**WHAT THE TASK ASKS**. Once you find the line with "doc.layers.add('HIDDEN', color=3, linetype='HIDDEN')" in the entries below, return exactly every line from it through the line with "layer by layer".
(MATERIAL PROVIDED)
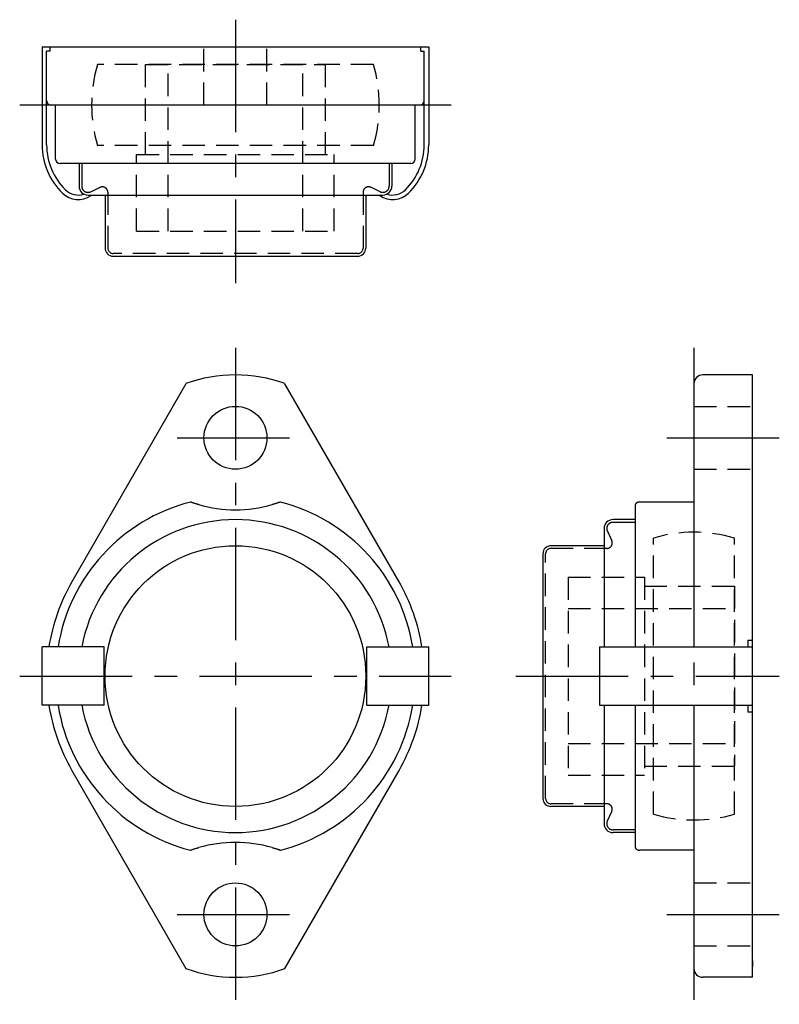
# Model space of a CAD drawing. Extents: x -24 to 61, y -36 to 73.
import ezdxf

# ---------------------------------------------------------------- set-up
doc = ezdxf.new("R2010")
doc.units = 0
doc.header["$LTSCALE"] = 10
doc.linetypes.add('CENTER', pattern=[2, 1.25, -0.25, 0.25, -0.25])
doc.linetypes.add('HIDDEN', pattern=[0.375, 0.25, -0.125])
doc.layers.get('0').update_dxf_attribs({"linetype": 'CONTINUOUS'})
doc.layers.add('CENTER', color=1, linetype='CENTER')
doc.layers.add('HIDDEN', color=3, linetype='HIDDEN')

msp = doc.modelspace()

# ---------------------------------------------------------------- linework, layer by layer
for p, q in [((-21.5, 70), (21.5, 70)), ((-20.62, 69.5), (-21, 69.5)), ((-20.62, 69.5), (-20.62, 70)), ((20.62, 69.5), (20.62, 70)), ((20.62, 69.5), (21, 69.5)), ((20.5, 63.5), (-20.5, 63.5)), ((-20, 57.5), (-20, 63.5)), ((20, 57.5), (20, 63.5)), ((19.5, 57), (-19.5, 57)), ((-17.4, 57), (-17.4, 54.5)), ((17.4, 57), (17.4, 54.5)), ((-16.4, 53.5), (16.4, 53.5)), ((-14.5, 53.5), (-14.5, 47.6)), ((14.5, 53.5), (14.5, 47.6)), ((-13.6, 46.7), (13.6, 46.7)), ((57.5, 33.5), (52, 33.5)), ((57.5, -33.5), (57.5, 33.5)), ((-5.5, 32.52), (-18.2, 10.48)), ((18.2, 10.48), (5.5, 32.52)), ((51, 32.5), (51, 3.25)), ((44.5, 3.25), (44.5, 19.07)), ((51, 19.36), (45, 19.36)), ((44.5, 17.4), (42, 17.4)), ((41, 16.4), (41, 3.25)), ((41, 14.5), (35.1, 14.5)), ((34.2, 13.6), (34.2, -13.6)), ((57, 4), (57.5, 4)), ((57, 4), (57, 3.25)), ((-14.6, 3.25), (-21.5, 3.25)), ((-21.5, -3.25), (-21.5, 3.25)), ((-14.6, -3.25), (-14.6, 3.25)), ((14.6, -3.25), (14.6, 3.25)), ((14.6, 3.25), (21.5, 3.25)), ((21.5, -3.25), (21.5, 3.25)), ((40.5, 3.25), (57.5, 3.25)), ((40.5, 3.25), (40.5, -3.25)), ((-14.6, -3.25), (-21.5, -3.25)), ((14.6, -3.25), (21.5, -3.25)), ((40.5, -3.25), (57.5, -3.25)), ((41, -3.25), (41, -16.4)), ((44.5, -19.07), (44.5, -3.25)), ((51, -3.25), (51, -32.5)), ((57, -3.25), (57, -4)), ((57.5, -4), (57, -4)), ((-18.2, -10.48), (-5.5, -32.52)), ((5.5, -32.52), (18.2, -10.48)), ((41, -14.5), (35.1, -14.5)), ((44.5, -17.4), (42, -17.4)), ((51, -19.36), (45, -19.36)), ((57.5, -31.62), (57.5, -32.31)), ((57.5, -33.5), (52, -33.5))]:
    msp.add_line(p, q)
at = {"linetype": 'CONTINUOUS'}
for p, q in [((-21.5, 70), (-21.5, 59.07)), ((-21, 59.07), (-21, 69.5)), ((21, 59.07), (21, 69.5)), ((21.5, 70), (21.5, 59.07)), ((-16.07, 53.45), (-16, 53.5)), ((16.07, 53.45), (16, 53.5))]:
    msp.add_line(p, q, dxfattribs=at)
for points in [[(-4.09, 19.07), (-4.15, 19.08), (-4.21, 19.1), (-4.27, 19.12), (-4.33, 19.14), (-4.39, 19.16), (-4.45, 19.17), (-4.5, 19.19), (-4.55, 19.21), (-4.61, 19.22), (-4.65, 19.24), (-4.7, 19.26), (-4.74, 19.27), (-4.78, 19.28), (-4.82, 19.3), (-4.85, 19.31), (-4.89, 19.32), (-4.91, 19.33), (-4.94, 19.34), (-4.96, 19.34), (-4.98, 19.35), (-4.99, 19.35), (-5, 19.36), (-5.01, 19.36), (-5.01, 19.36)], [(5.01, 19.36), (5.01, 19.36), (5, 19.36), (4.99, 19.35), (4.97, 19.35), (4.95, 19.34), (4.92, 19.33), (4.89, 19.32), (4.86, 19.31), (4.83, 19.3), (4.79, 19.29), (4.76, 19.27), (4.72, 19.26), (4.68, 19.25), (4.63, 19.23), (4.59, 19.22), (4.54, 19.2), (4.49, 19.19), (4.43, 19.17), (4.38, 19.15), (4.32, 19.14), (4.26, 19.12), (4.21, 19.1), (4.15, 19.08), (4.09, 19.07)], [(45, 19.36), (44.96, 19.36), (44.92, 19.36), (44.88, 19.35), (44.84, 19.35), (44.81, 19.34), (44.77, 19.33), (44.74, 19.32), (44.72, 19.31), (44.69, 19.3), (44.67, 19.29), (44.64, 19.27), (44.62, 19.26), (44.61, 19.25), (44.59, 19.23), (44.57, 19.22), (44.56, 19.2), (44.54, 19.19), (44.53, 19.17), (44.52, 19.15), (44.51, 19.14), (44.51, 19.12), (44.5, 19.1), (44.5, 19.08), (44.5, 19.07)], [(-5.01, -19.36), (-5.01, -19.36), (-5, -19.36), (-4.99, -19.35), (-4.97, -19.35), (-4.95, -19.34), (-4.92, -19.33), (-4.89, -19.32), (-4.86, -19.31), (-4.83, -19.3), (-4.79, -19.29), (-4.76, -19.27), (-4.72, -19.26), (-4.68, -19.25), (-4.63, -19.23), (-4.59, -19.22), (-4.54, -19.2), (-4.49, -19.19), (-4.43, -19.17), (-4.38, -19.15), (-4.32, -19.14), (-4.26, -19.12), (-4.21, -19.1), (-4.15, -19.08), (-4.09, -19.07)], [(4.09, -19.07), (4.15, -19.08), (4.21, -19.1), (4.27, -19.12), (4.33, -19.14), (4.39, -19.16), (4.45, -19.17), (4.5, -19.19), (4.55, -19.21), (4.61, -19.22), (4.65, -19.24), (4.7, -19.26), (4.74, -19.27), (4.78, -19.28), (4.82, -19.3), (4.85, -19.31), (4.89, -19.32), (4.91, -19.33), (4.94, -19.34), (4.96, -19.34), (4.98, -19.35), (4.99, -19.35), (5, -19.36), (5.01, -19.36), (5.01, -19.36)], [(44.5, -19.07), (44.5, -19.08), (44.5, -19.1), (44.51, -19.12), (44.52, -19.14), (44.52, -19.16), (44.53, -19.17), (44.55, -19.19), (44.56, -19.21), (44.58, -19.22), (44.6, -19.24), (44.62, -19.26), (44.64, -19.27), (44.66, -19.28), (44.69, -19.3), (44.71, -19.31), (44.74, -19.32), (44.77, -19.33), (44.8, -19.34), (44.83, -19.34), (44.86, -19.35), (44.89, -19.35), (44.93, -19.36), (44.96, -19.36), (45, -19.36)]]:
    msp.add_lwpolyline(points)
for centre, radius in [((0, 26.5), 3.5), ((0, 0), 14.5), ((0, -26.5), 3.5)]:
    msp.add_circle(centre, radius)
for centre, radius, start, end in [((-20.5, 64), 0.5, 180, 270), ((20.5, 64), 0.5, 270, 0), ((-19.5, 57.5), 0.5, 180, 270), ((19.5, 57.5), 0.5, 270, 0), ((-16.4, 54.5), 1, 180, 270), ((16.4, 54.5), 1, 270, 0), ((-13.6, 47.6), 0.9, 180, 270), ((13.6, 47.6), 0.9, 270, 0), ((0, 17.5), 16, 69.8945, 110.1055), ((52, 32.5), 1, 90, 180), ((0, 0), 20, 104.5116, 170.648), ((0, 33.5), 15, 254.1939, 285.8061), ((0, 0), 20, 9.352, 75.4884), ((0, 0), 17.4, 10.765, 169.235), ((42, 16.4), 1, 90, 180), ((35.1, 13.6), 0.9, 90, 180), ((0, 0), 21, 150.0577, 171.097), ((0, 0), 21, 8.903, 29.9423), ((0, 0), 21, 188.903, 209.9423), ((0, 0), 20, 189.352, 255.4884), ((0, 0), 17.4, 190.765, 349.235), ((0, 0), 20, 284.5116, 350.648), ((0, 0), 21, 330.0577, 351.097), ((35.1, -13.6), 0.9, 180, 270), ((42, -16.4), 1, 180, 270), ((0, -33.5), 15, 74.1939, 105.8061), ((0, -17.5), 16, 249.8945, 290.1055), ((52, -32.5), 1, 180, 270)]:
    msp.add_arc(centre, radius, start, end)
for centre, radius, start, end in [((-14, 59.07), 7.5, 180, 225.573), ((-14, 59.07), 7, 180, 225.573), ((14, 59.07), 7, 314.427, 0), ((14, 59.07), 7.5, 314.427, 0), ((-17.5, 55.5), 2.5, 225.573, 305), ((-17.5, 55.5), 2, 225.573, 288.9084), ((17.5, 55.5), 2.5, 235, 314.427), ((17.5, 55.5), 2, 251.0916, 314.427)]:
    msp.add_arc(centre, radius, start, end, dxfattribs=at)
at = {"layer": 'CENTER'}
for p, q in [((0, 73), (0, 43.7)), ((24, 63.5), (-24, 63.5)), ((0, 36.5), (0, -36.5)), ((51, 36.5), (51, -36.5)), ((-6.5, 26.5), (6.5, 26.5)), ((48, 26.5), (60.5, 26.5)), ((-24, 0), (24, 0)), ((31.2, 0), (60.5, 0)), ((-6.5, -26.5), (6.5, -26.5)), ((48, -26.5), (60.5, -26.5))]:
    msp.add_line(p, q, dxfattribs=at)
at = {"layer": 'HIDDEN'}
for p, q in [((-3.5, 63.5), (-3.5, 70)), ((3.5, 63.5), (3.5, 70)), ((15.35, 68), (-15.35, 68)), ((-10, 58), (-10, 68)), ((-10, 68), (10, 68)), ((-7.5, 49.5), (-7.5, 68)), ((7.5, 49.5), (7.5, 68)), ((10, 58), (10, 68)), ((15.35, 59), (-15.35, 59)), ((-17.1, 57), (-17.1, 54.5)), ((-11, 49.5), (-11, 58)), ((-11, 58), (11, 58)), ((11, 49.5), (11, 58)), ((17.1, 57), (17.1, 54.5)), ((-16.1, 53.87), (-15.05, 54.36)), ((-14.2, 53.81), (-14.2, 47.6)), ((14.2, 53.81), (14.2, 47.6)), ((16.1, 53.87), (15.05, 54.36)), ((-11, 49.5), (11, 49.5)), ((13.6, 47), (-13.6, 47)), ((51, 30), (57.5, 30)), ((51, 23), (57.5, 23)), ((44.5, 17.1), (42, 17.1)), ((41.37, 16.1), (41.86, 15.05)), ((46.5, -15.35), (46.5, 15.35)), ((55.5, -15.35), (55.5, 15.35)), ((34.5, -13.6), (34.5, 13.6)), ((41.31, 14.2), (35.1, 14.2)), ((37, 11), (37, -11)), ((37, 11), (45.5, 11)), ((45.5, 11), (45.5, -11)), ((45.5, 10), (55.5, 10)), ((55.5, 10), (55.5, -10)), ((37, 7.5), (55.5, 7.5)), ((37, -7.5), (55.5, -7.5)), ((45.5, -10), (55.5, -10)), ((37, -11), (45.5, -11)), ((41.31, -14.2), (35.1, -14.2)), ((41.37, -16.1), (41.86, -15.05)), ((44.5, -17.1), (42, -17.1)), ((51, -23), (57.5, -23)), ((51, -30), (57.5, -30))]:
    msp.add_line(p, q, dxfattribs=at)
for centre, radius, start, end in [((0, 63.5), 16, 163.6652, 196.3348), ((0, 63.5), 16, 343.6652, 16.3348), ((-16.4, 54.5), 0.7, 180, 295), ((-14.8, 53.81), 0.6, 0, 115), ((14.8, 53.81), 0.6, 65, 180), ((16.4, 54.5), 0.7, 245, 0), ((-13.6, 47.6), 0.6, 180, 270), ((13.6, 47.6), 0.6, 270, 0), ((42, 16.4), 0.7, 90, 205), ((51, 0), 16, 73.6652, 106.3348), ((41.31, 14.8), 0.6, 270, 25), ((35.1, 13.6), 0.6, 90, 180), ((35.1, -13.6), 0.6, 180, 270), ((41.31, -14.8), 0.6, 335, 90), ((42, -16.4), 0.7, 155, 270), ((51, 0), 16, 253.6652, 286.3348)]:
    msp.add_arc(centre, radius, start, end, dxfattribs=at)

doc.saveas('drawing.dxf')
(End MATERIAL PROVIDED)
**OUTPUT OF THE EXERCISE**.
doc.layers.add('HIDDEN', color=3, linetype='HIDDEN')

msp = doc.modelspace()

# ---------------------------------------------------------------- linework, layer by layer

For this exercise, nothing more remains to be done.